L’article de Fanny Capel, « Peut-on sauver la grammaire ?», publié dans le Télérama n° 3198, et repris sur Telerama.fr sous le titre « Grammaire amère » nous laisse à son tour un gout bien amer sur l’image de l’enseignement du français qu’il véhicule. Et pourtant nous avons déjà vu nettement pire. Partant d’intentions louables, la journaliste tente de pointer des causes de dégradation, notamment la diminution vertigineuse des heures d’enseignement. Essentiel bien qu’insuffisant, ce constat pourrait très largement expliquer les lacunes qu’elle pointe. Mais justifie-t-il pour autant l’angle d’attaque qu’elle a choisi : la grammaire ? Alors que son article commence par des extraits de copies truffés d’erreurs, dont une analyse rapide fait apparaitre des problèmes d’orthographe lexicale et grammaticale, de syntaxe, de transposition écrite d’un code oral, elle balaie a priori la question de l’orthographe : « la guerre de l’orthographe est dépassée », pour faire glisser, une fois de plus, la question de la langue à celle de la grammaire : si nos élèves orthographient mal, s’ils ont du mal à construire des phrases correctes, c’est la faute à l’école qui n’enseigne plus la grammaire comme elle devrait, et il suffirait de lui redonner une place centrale pour que les problèmes de langue soient résolus !
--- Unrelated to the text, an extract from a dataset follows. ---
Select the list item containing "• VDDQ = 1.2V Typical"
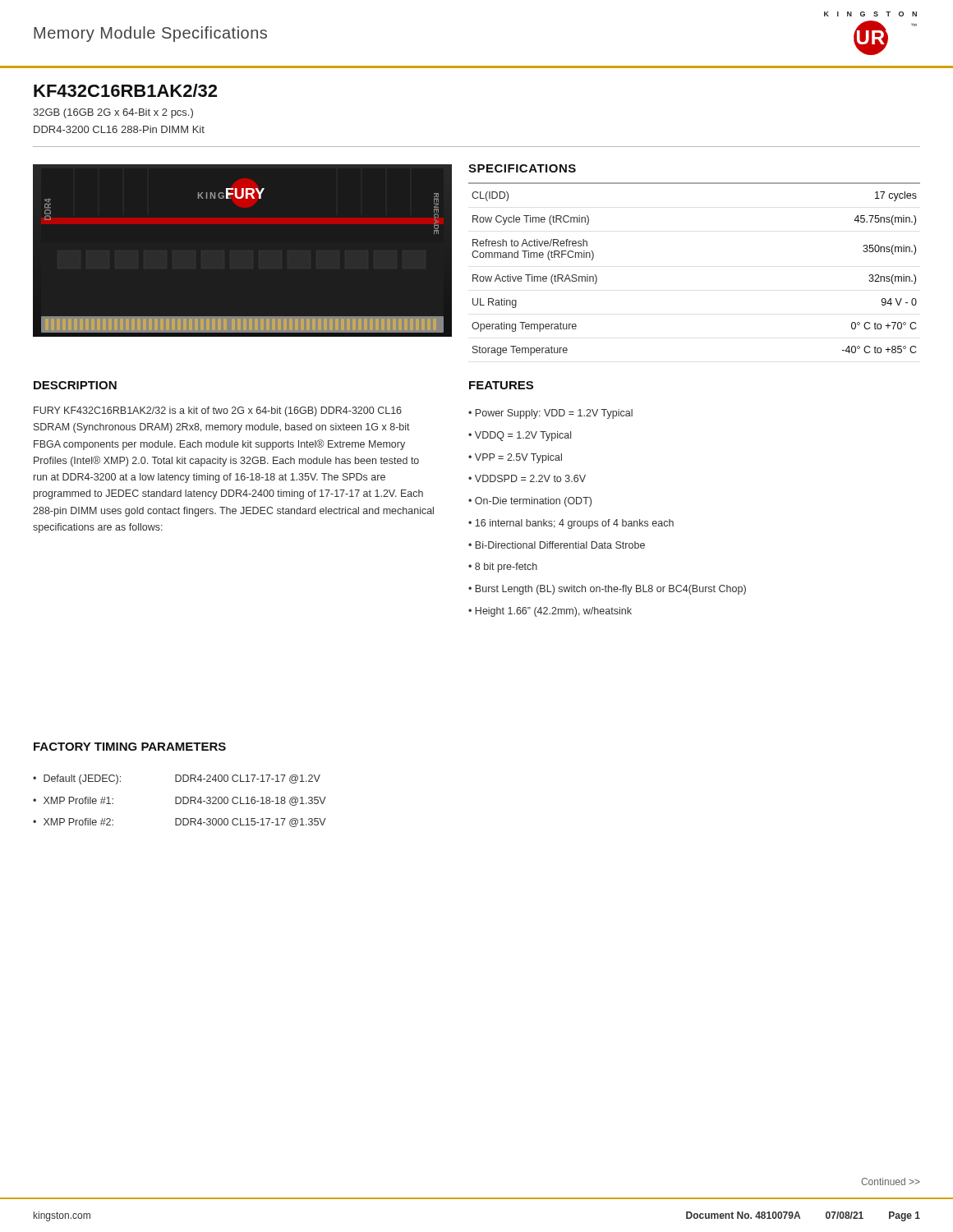This screenshot has width=953, height=1232. 520,435
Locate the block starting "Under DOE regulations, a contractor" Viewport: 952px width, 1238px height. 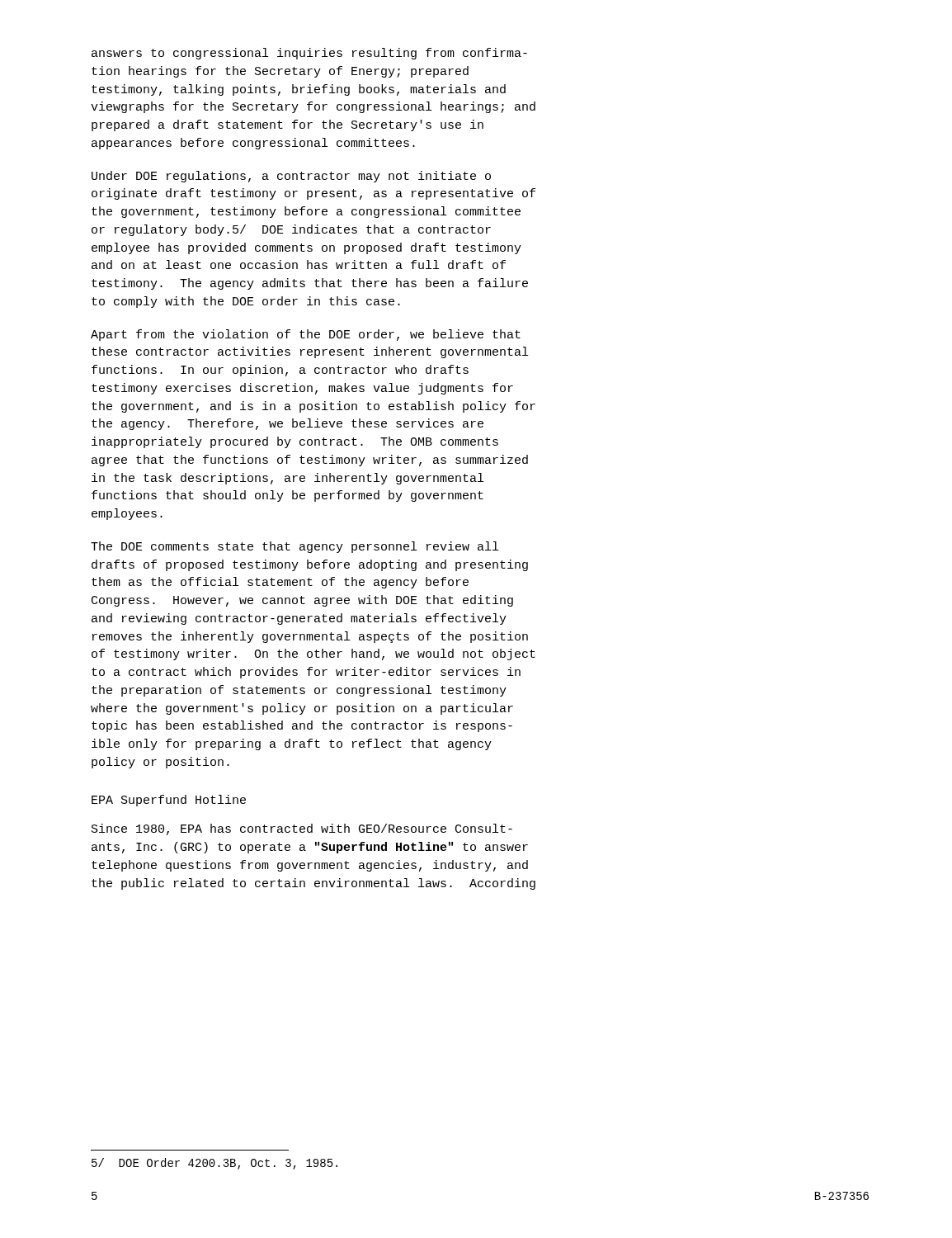point(313,239)

C’est un peu rapide ! Pourquoi se focaliser sur la grammaire et en faire une discipline à part entière ? Certes, elle est indispensable, et son enseignement n’a jamais été abandonné par l’école, avec des mouvements de balancier que l’article souligne entre les différents programmes ; si décloisonnement et observation réfléchie de la langue ont peut-être mis en recul la mémorisation et la répétition, comme le souligne Danièle Manesse, peut-on décemment penser que la leçon de grammaire ré-instituée par les derniers programmes ultra-traditionnels suffise à résoudre les problèmes ? Un enseignant fait bien remarquer qu’il manque « du temps pour pratiquer les manipulations de phrases, l’échange oral, l’imprégnation par le texte littéraire. » La récitation de règles ne suffit pas à assurer leur application. Un apprentissage raisonné de la langue suppose un va-et-vient entre manipulations linguistiques et mémorisation, et ne peut pas faire l’impasse sur une construction progressive à partir d’observations, d’analyses et d’élaboration de régularités.
Eric Pellet souligne que « la pédagogie de la grammaire est à réinventer » ; ne pourrait-on pas parler plutôt d’une didactique de la langue qui, sans négliger ces différentes composantes que sont le lexique, l’orthographe, la sémantique, la syntaxe, la morphologie, permette d’élaborer une progression régulière et raisonnée au long des cycles de la scolarité ? Les travaux et recherches montrent que l’on pourrait partir des régularités de la langue, que les élèves pourraient intégrer peu à peu, plutôt que d’apprendre d’emblée les exceptions qui créent tant de confusion. Certaines irrégularités pourraient d’ailleurs être gommées : notre langue s’en porterait-elle plus mal si l’accord du participe passé était toiletté ? Pourquoi tant de résistances à installer des régularités comme celles que propose l’orthographe rectifiée dite de 1990 et qui a tant de mal à se faire accepter ?
Si nous faisons ce pari d’une didactique du français dans son ensemble, et pas seulement d’un enseignement de grammaire, c’est bien parce que nous pensons que si nous voulons permettre à tous les élèves de maitriser la langue française, cela suppose que notre pays fasse des efforts, en leur donnant le temps dont ils ont besoin pour apprendre, mais aussi en acceptant des évolutions qui permettront un enseignement plus efficace et plus rationnel. Nous souhaitons, comme la journaliste, que tous les élèves puissent lire les grands auteurs. Mais nous nous refusons à résumer la « guerre des classes » à une « guerre de la grammaire ». C’est plutôt la guerre de la langue qu’il faut mener, pour que tous y aient accès sans clivage social. Et cette guerre d’usure réussirait bien mieux si notre pays acceptait des évolutions régulières de son orthographe et de sa syntaxe, de la même manière qu’il intègre des mots nouveaux sans faire de révolution.